Okay, now imagine that all three things happened at the same time, with the same woman.
Her name was Caz, short for Casimira, also known as the Countess of Cold Hands, a she-demon of high standing and about the most mesmerizing creature I’d ever seen. When we met we were on opposite sides in the ancient conflict between Heaven and Hell. We became lovers, which both of us knew was an extremely stupid, supremely dangerous thing to do. But something drew us together, although that’s a pretty damn bland, vanilla way of putting it. We made sparks—no, a raging fire—and it still blazed inside of me, long after she’d gone. Some days it seemed like it was going to burn me to ashes.
Caz belonged to Eligor, one of the Grand Dukes of Hell. After our affair, our fling, whatever you want to call it, she went back to him. She even tried to make me think she’d never cared about me, but, see, I didn’t believe that. I was certain she felt something too because, if not, then I was wrong about everything. I’m talking about up is down, black is white, the world is really flat after all kind of wrong.
Call me stupid if you want, but I wouldn’t believe that. I couldn’t. Beside, I had a more practical reason for thinking that she really cared for me. Don’t worry, we’re coming to that soon.
Anyway, now Eligor hated me because I’d messed with his “property” (okay, also because of some other stuff, like shooting his secretary, getting his bodyguard eaten, and generally interfering with his plans). The power imbalance between us was ridiculously skewed in Eligor’s favor: he was infernal royalty, and I was a minor mid-level functionary who already had a bit of a negative reputation with my superiors. So why wasn’t I dead? Because I had the feather—a golden feather from the wing of an important angel that marked an illicit bargain made between Grand Duke Eligor and someone in Heaven whose identity I still didn’t know. Eligor definitely didn’t want that feather going public, and as long as I had it stashed safely away I felt sure he would leave me alone. On the other hand, Eligor had Caz, and he’d taken her back to Hell, far out of my reach.
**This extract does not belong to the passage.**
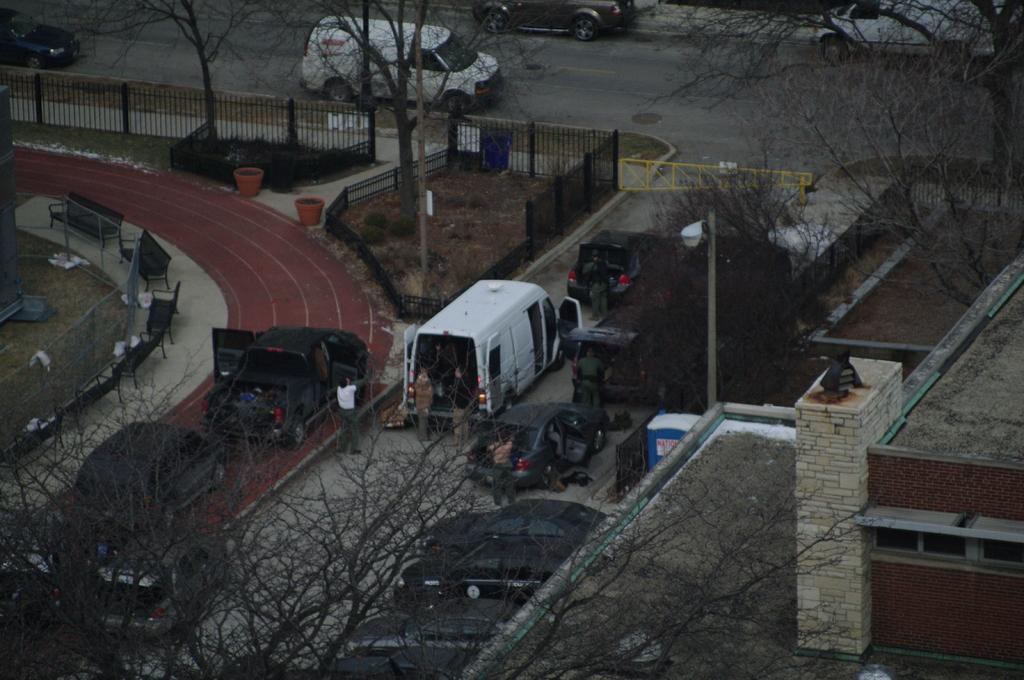Describe this image in one or two sentences. In this picture I can see vehicles, there are group of people standing, there are benches, there is grass, wire fence, pole, light, there are iron grilles and there are trees. 
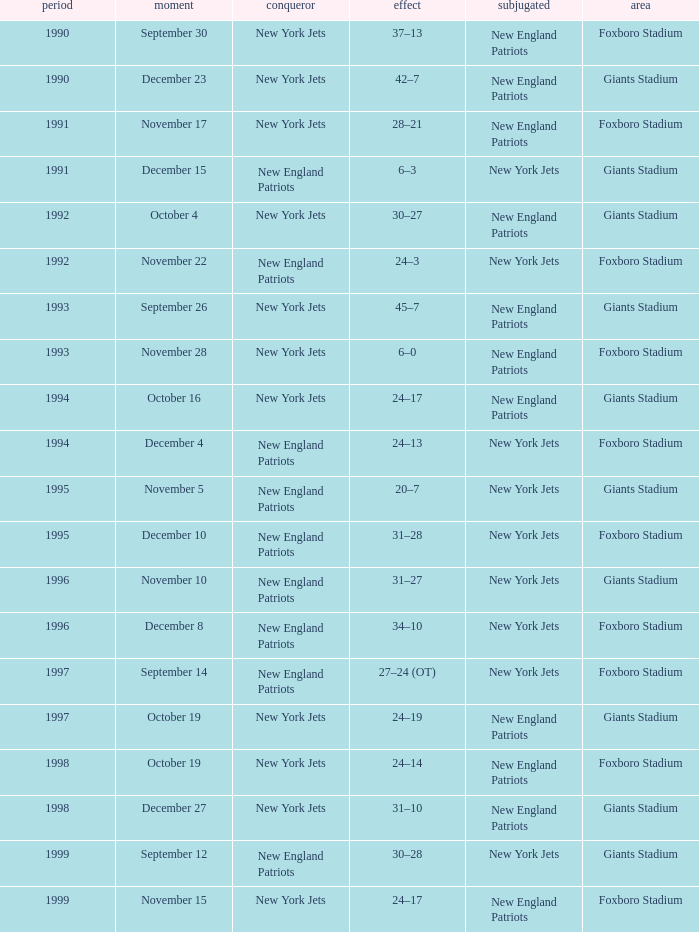What is the location when the new york jets lost earlier than 1997 and a Result of 31–28? Foxboro Stadium.

Stalemate. At least that’s what I’d thought when the whole thing started. As it turned out, I had built a house of cards out of the flimsiest set of assumptions possible.
Oops. Getting ahead of myself a little. A lot of things happened before I even heard of the Neronian Bridge, and I should probably tell you about some of them before we return to Hell.
The latest episode of the ongoing craziness that is my afterlife started with what normal folk would call a job review. Except normal folk wouldn’t be reviewed by a group of pissed-off celestials who could literally destroy an immortal soul with a single word. Even the poor bastards who work for Trump don’t have to put up with that.